What is being asked. Each record that follows is to be duplicated exactly, though its pictures are not.

Dataset items
##########
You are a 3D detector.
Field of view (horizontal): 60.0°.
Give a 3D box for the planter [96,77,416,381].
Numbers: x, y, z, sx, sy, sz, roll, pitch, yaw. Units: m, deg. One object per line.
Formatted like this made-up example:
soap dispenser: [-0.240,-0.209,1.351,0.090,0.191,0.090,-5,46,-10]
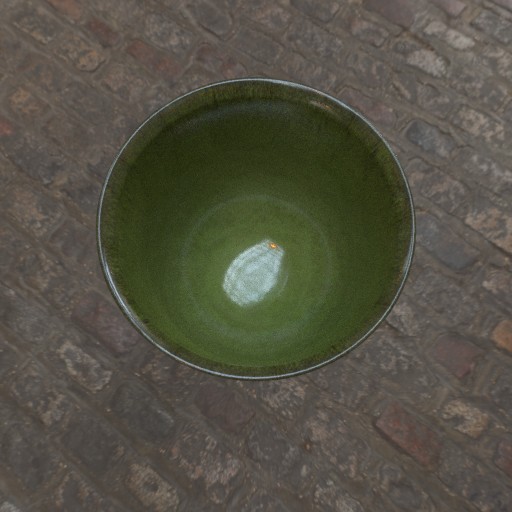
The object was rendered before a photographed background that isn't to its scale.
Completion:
planter: [0.000,0.000,0.497,0.266,0.270,0.266,0,75,0]
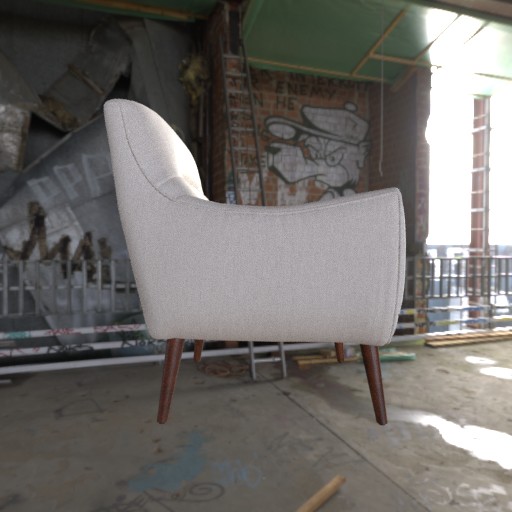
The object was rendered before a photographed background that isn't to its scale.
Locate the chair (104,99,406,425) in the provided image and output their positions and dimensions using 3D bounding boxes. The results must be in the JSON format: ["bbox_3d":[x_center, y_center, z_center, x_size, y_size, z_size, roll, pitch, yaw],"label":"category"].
[{"bbox_3d":[0.000,0.000,1.412,0.787,0.838,0.762,0,1,1],"label":"chair"}]
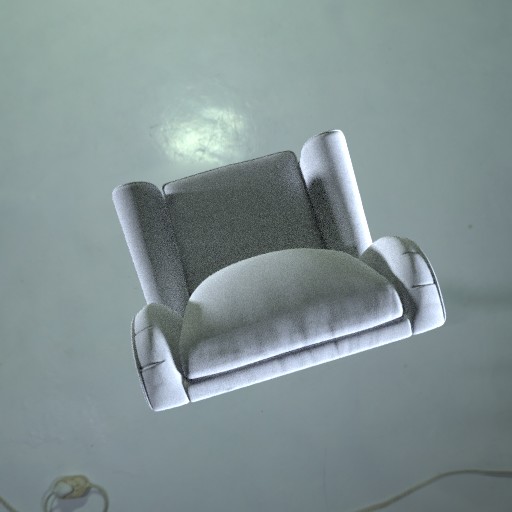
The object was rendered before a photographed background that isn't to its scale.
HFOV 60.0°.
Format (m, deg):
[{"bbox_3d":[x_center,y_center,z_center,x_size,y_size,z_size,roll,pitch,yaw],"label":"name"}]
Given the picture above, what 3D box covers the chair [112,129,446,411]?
[{"bbox_3d":[0.000,0.000,1.643,0.906,0.967,0.854,-16,76,-4],"label":"chair"}]
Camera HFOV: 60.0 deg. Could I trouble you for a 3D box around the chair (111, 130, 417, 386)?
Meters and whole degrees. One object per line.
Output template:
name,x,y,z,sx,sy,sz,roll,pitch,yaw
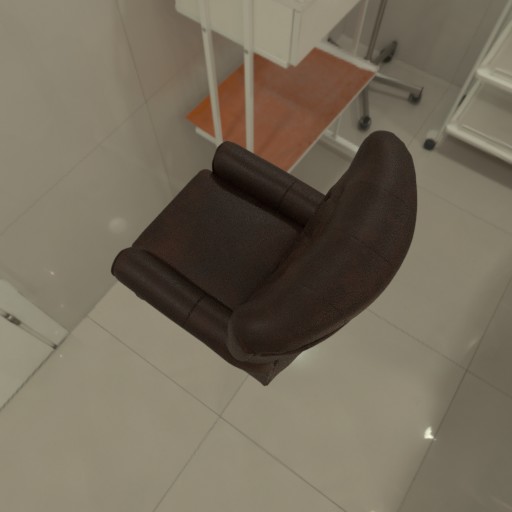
##########
Written answer.
You are a 3D detector.
Field of view (horizontal): 60.0°.
Give a 3D box for the planter [96,77,416,381].
Numbers: x, y, z, sx, sy, sz, roll, pitch, yaw. Units: m, deg. One object per line.
Formatted like this made-up example:
soap dispenser: [-0.240,-0.209,1.351,0.090,0.191,0.090,-5,46,-10]
The object was rendered before a photographed background that isn't to its scale.
Completion:
planter: [0.000,0.000,0.497,0.266,0.270,0.266,0,75,0]
The object was rendered before a photographed background that isn't to its scale.
Locate the chair (104,99,406,425) in the provided image and output their positions and dimensions using 3D bounding boxes. The results must be in the JSON format: ["bbox_3d":[x_center, y_center, z_center, x_size, y_size, z_size, roll, pitch, yaw],"label":"category"].
[{"bbox_3d":[0.000,0.000,1.412,0.787,0.838,0.762,0,1,1],"label":"chair"}]
The object was rendered before a photographed background that isn't to its scale.
HFOV 60.0°.
Format (m, deg):
[{"bbox_3d":[x_center,y_center,z_center,x_size,y_size,z_size,roll,pitch,yaw],"label":"name"}]
Given the picture above, what 3D box covers the chair [112,129,446,411]?
[{"bbox_3d":[0.000,0.000,1.643,0.906,0.967,0.854,-16,76,-4],"label":"chair"}]
Camera HFOV: 60.0 deg. Could I trouble you for a 3D box around the chair (111, 130, 417, 386)?
Meters and whole degrees. One object per line.
Output template:
name,x,y,z,sx,sy,sz,roll,pitch,yaw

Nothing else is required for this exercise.